I'm giving a synopsis of the sign in the lower right corner. Reproduction of a qasgiq, or men's house, of the Yup'ik/Cup'ik tribe that inhabited southwestern Alaska from the Yukon Delta to the Alaska Peninsula, including present day Bethel and Dillingham, one of several native dwellings on display at the Alaska Native Heritage Center. Posts and beams of driftwood were erected and covered with sod to insulate these southwest Alaskan winter homes. During the winter men and women lived in separate, similarly constructed houses, but the qasgiq was twice as large as the women's house.

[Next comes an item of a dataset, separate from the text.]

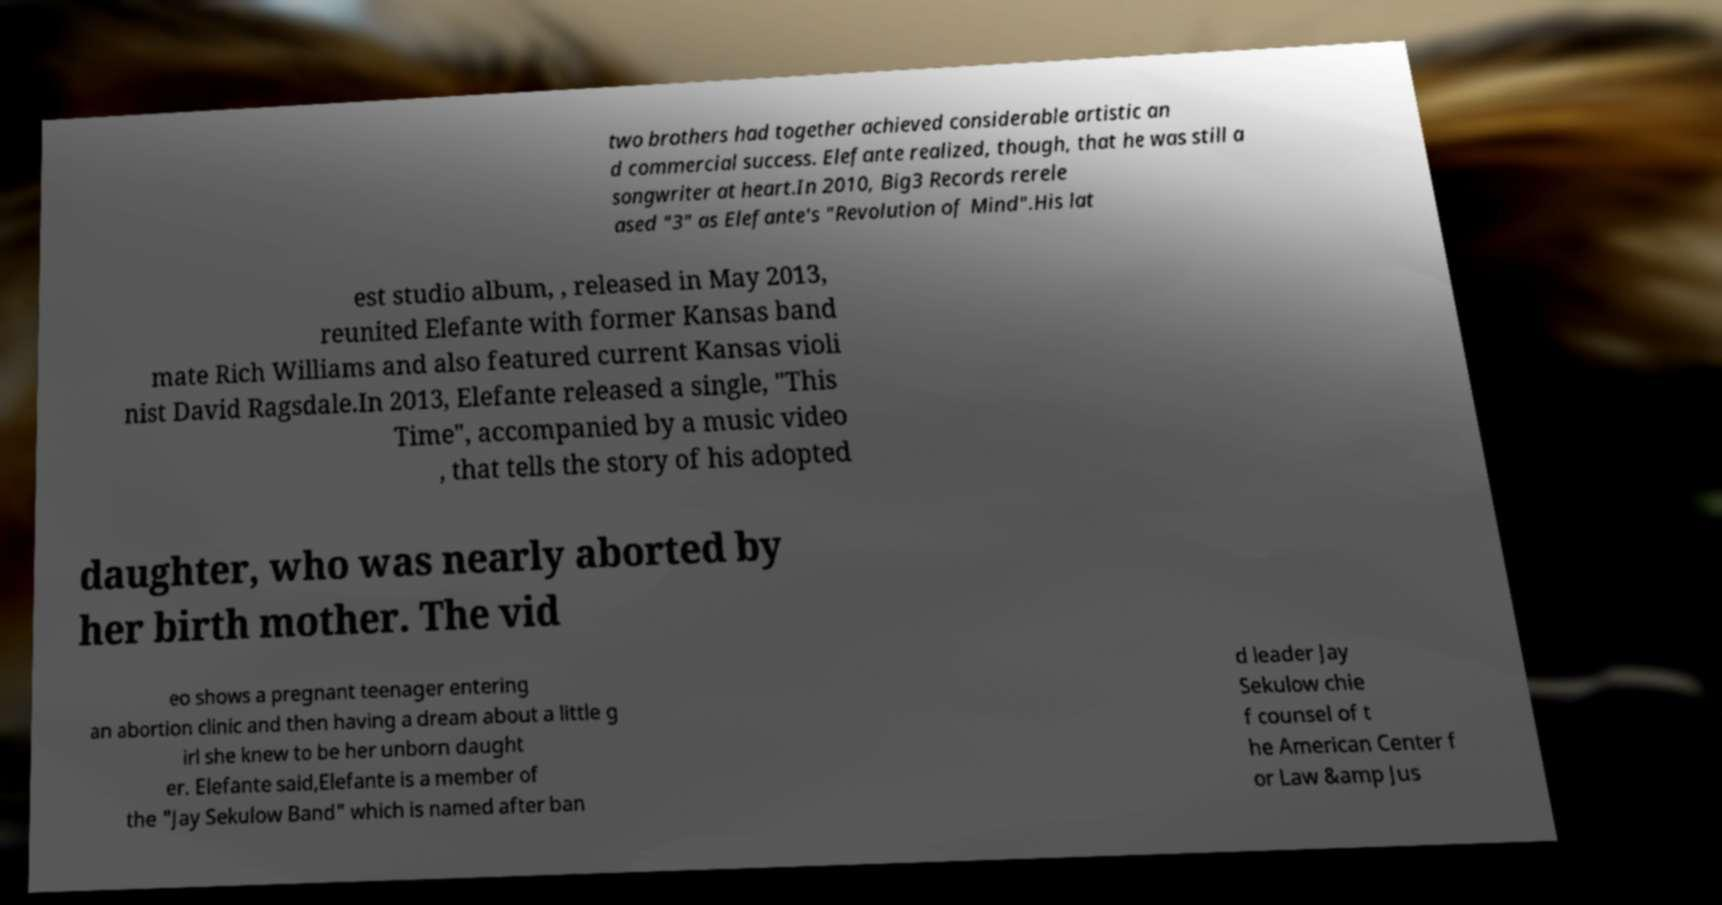There's text embedded in this image that I need extracted. Can you transcribe it verbatim? two brothers had together achieved considerable artistic an d commercial success. Elefante realized, though, that he was still a songwriter at heart.In 2010, Big3 Records rerele ased "3" as Elefante's "Revolution of Mind".His lat est studio album, , released in May 2013, reunited Elefante with former Kansas band mate Rich Williams and also featured current Kansas violi nist David Ragsdale.In 2013, Elefante released a single, "This Time", accompanied by a music video , that tells the story of his adopted daughter, who was nearly aborted by her birth mother. The vid eo shows a pregnant teenager entering an abortion clinic and then having a dream about a little g irl she knew to be her unborn daught er. Elefante said,Elefante is a member of the "Jay Sekulow Band" which is named after ban d leader Jay Sekulow chie f counsel of t he American Center f or Law &amp Jus

When boys were old enough to leave their mothers and begin hunting, they moved into the qasgiq with the men and elders of the tribe to learn hunting and survival skills and other traditions of the Yup'ik/Cup'ik people. A qasgiq was the male-bonding command center for the tribe, where the men worked, ate, trained, bathed and slept. Also serving as a community center, the women and girls joined the men and boys in the evening and during winter festivals for singing, dancing and celebration.

Below is a view from the entryway of the qasgiq above. The Yup'ik tour guide is standing over the large fire pit. The fire pit draws air in via a tunnel under the floor extending from the pit to the front of the entryway. Smoke escapes through the sunlight directly above the fire pit.